Speakers at the conference represented a variety of countries that had suffered under Communist rule and had extreme need of transitional justice after World War II. Present were ministers and researchers from East Germany, Mongolia, Poland, Lithuania, and Hungary. Each country had its own specific problems and situations with crimes and human rights violations following World War II, but the one thing they all had in common was that the controlling Communist Party in each country had confiscated the majority of the state assets. Further the Communists strove desperately to hang onto those state assets and not return them to the people. Dr. h.c. Lothar de Maiziere, the former Prime Minister of East Germany was the keynote speaker.

At the end of the conference, after hearing the litany of countries that had had to fight tooth and nail for transitional justice and that had to pry their state assets from their Communist rulers, one supreme irony stood out. One would expect the confiscation, stealing and control of state assets by Communists but what about Taiwan? Here was a country where the then ruling party, the KMT, was pledged to the Three Principles of democracy and Sun Yat-sen.

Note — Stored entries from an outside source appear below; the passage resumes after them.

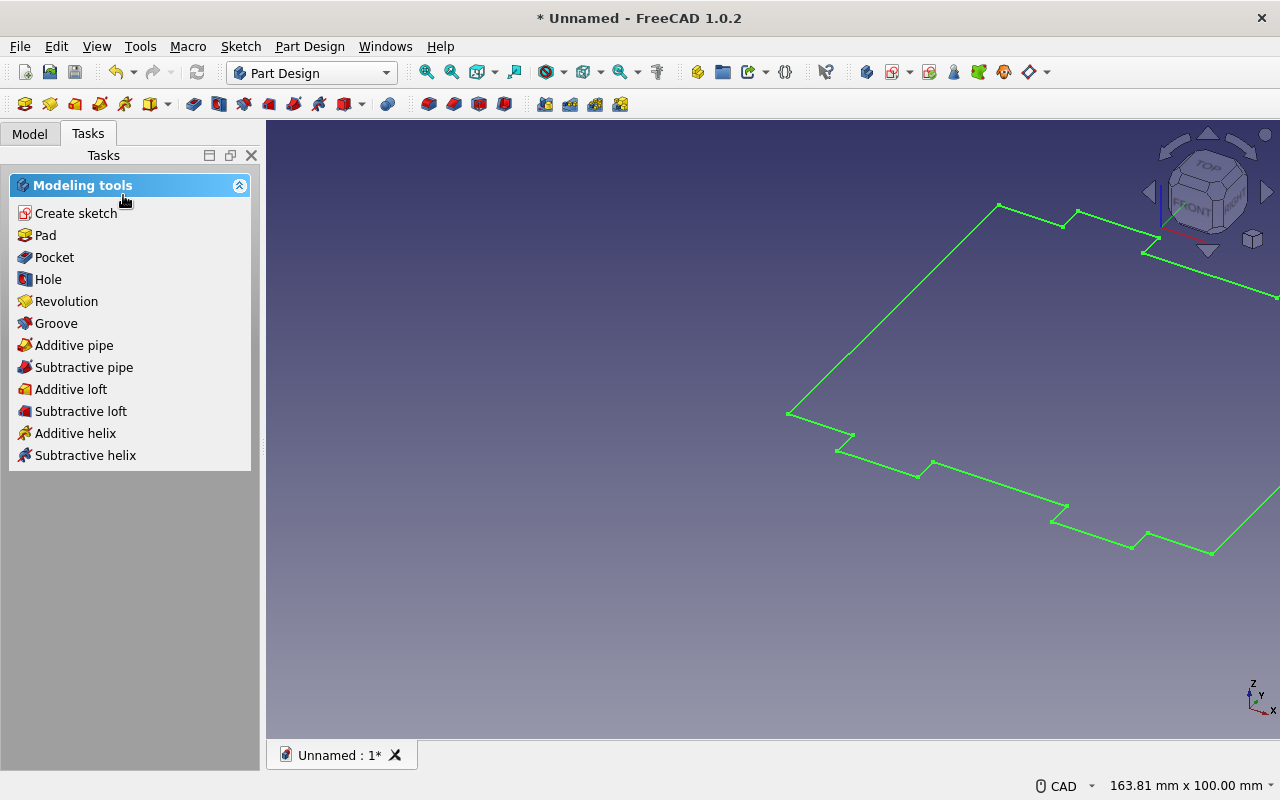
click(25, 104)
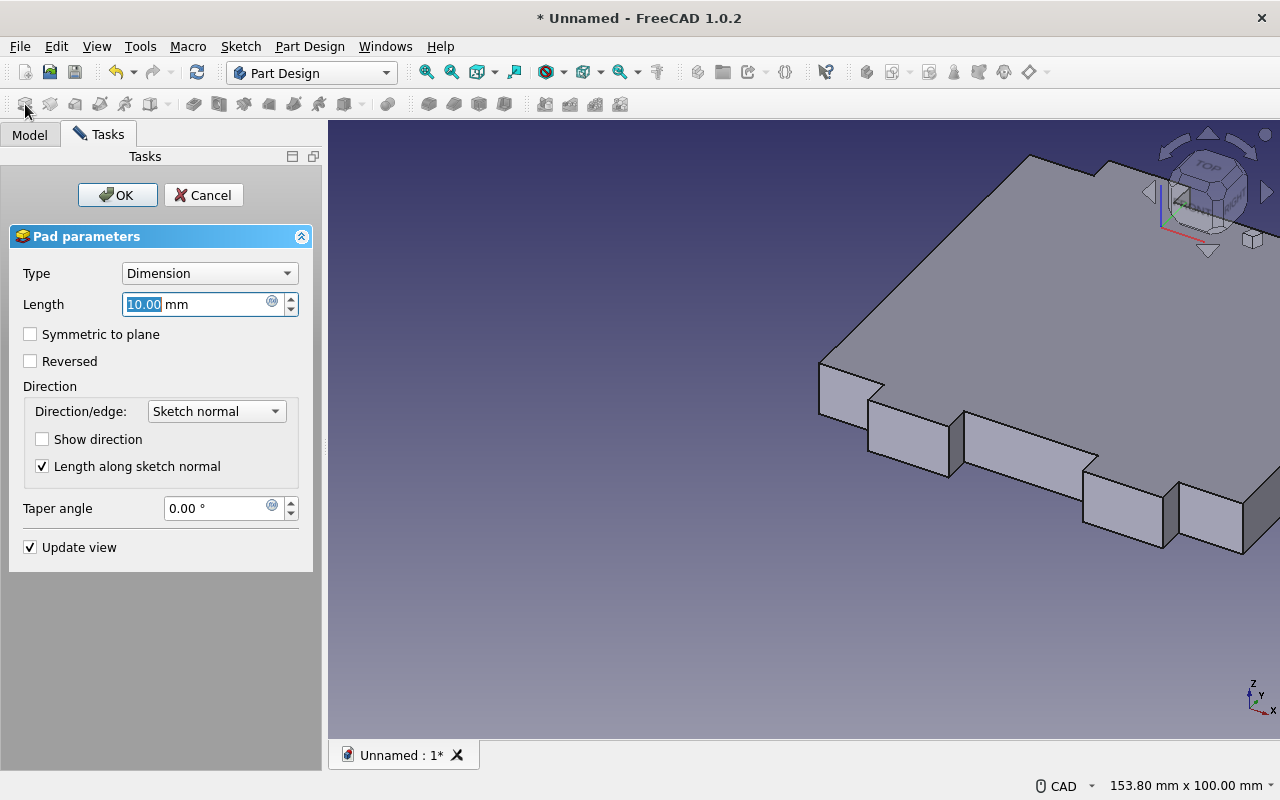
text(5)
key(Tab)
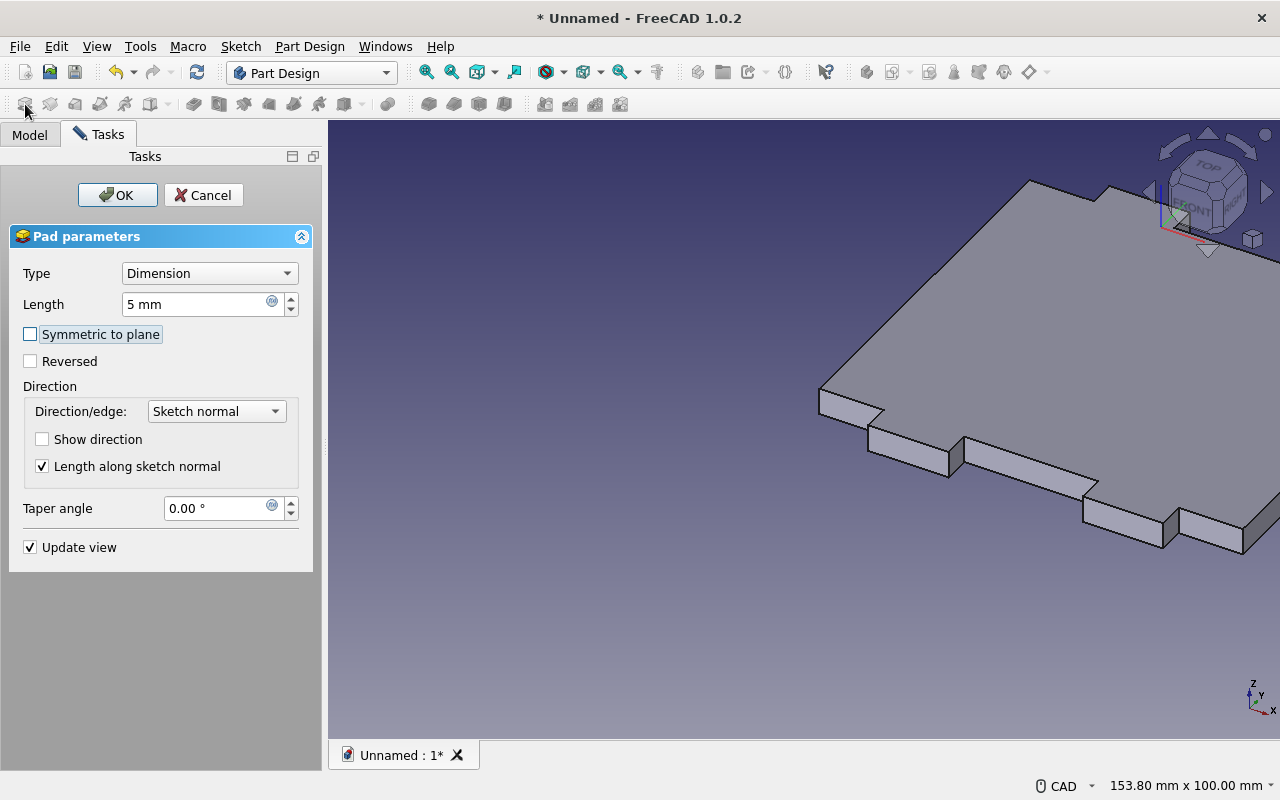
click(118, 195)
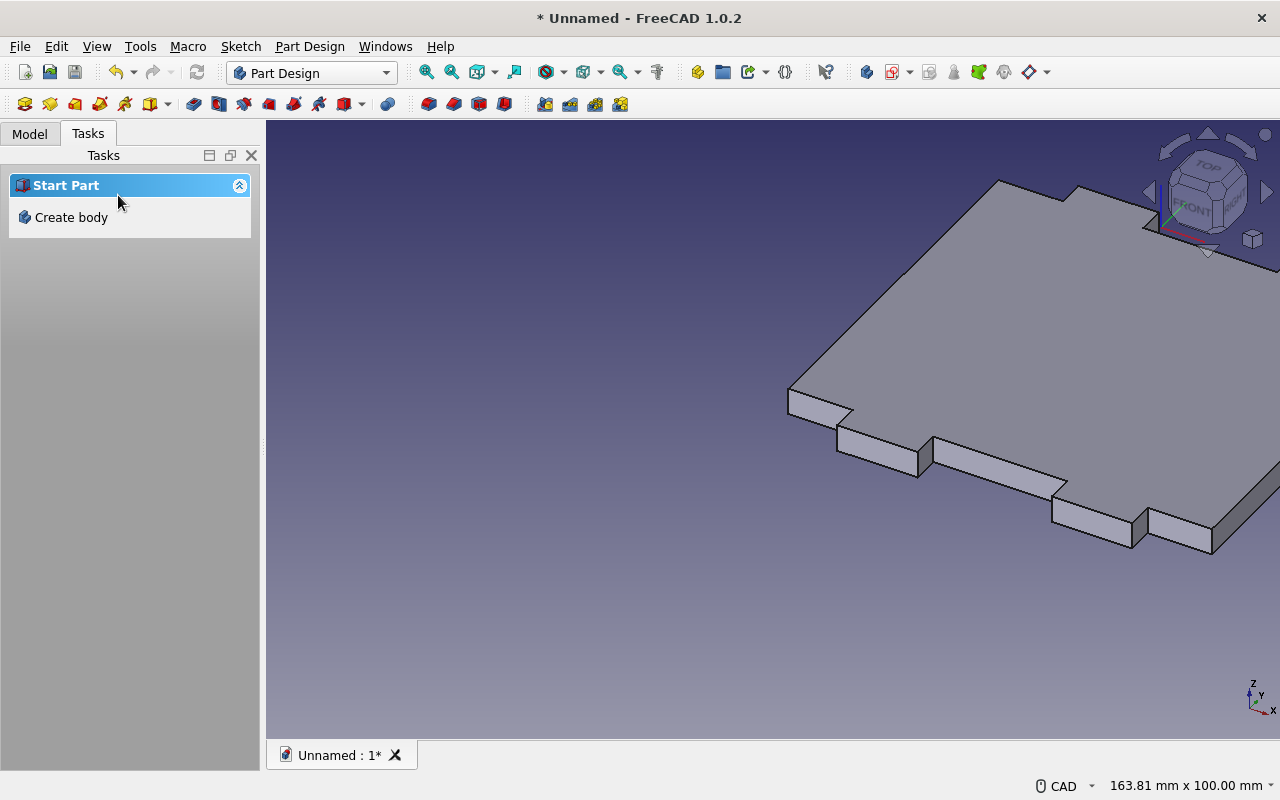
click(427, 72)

Ironically the KMT was the greatest violator and the one that still resisted in returning the state assets to the people. The indicted former KMT chairperson, Ma Ying-jeou, had promised back in 2005 he would divest the party of its assets (note he did not say he would return them). Ma sold a few of the assets and put the money in the KMT treasury. Nothing more has been done.

Ma's party has, as was stated above, admitted to having unreturned assets 100 times greater than any assets possessed by any other party in Taiwan. This is what they admitted to, the records are still unavailable as to what assets they actually have and what assets were transferred to become the personal property of party members. Instead, the indicted Ma now wants the people to elect him president. He says he will lead the country to prosperity. Would you trust a man who already has and will not return over 27 billion dollars worth of your state assets? And now he wants you to trust him with more? Where is Transitional Justice in Taiwan? The Taiwan Thinktank's website is www.taiwanthinktank.org Hopefully they will make the proceedings available by disk to a larger audience.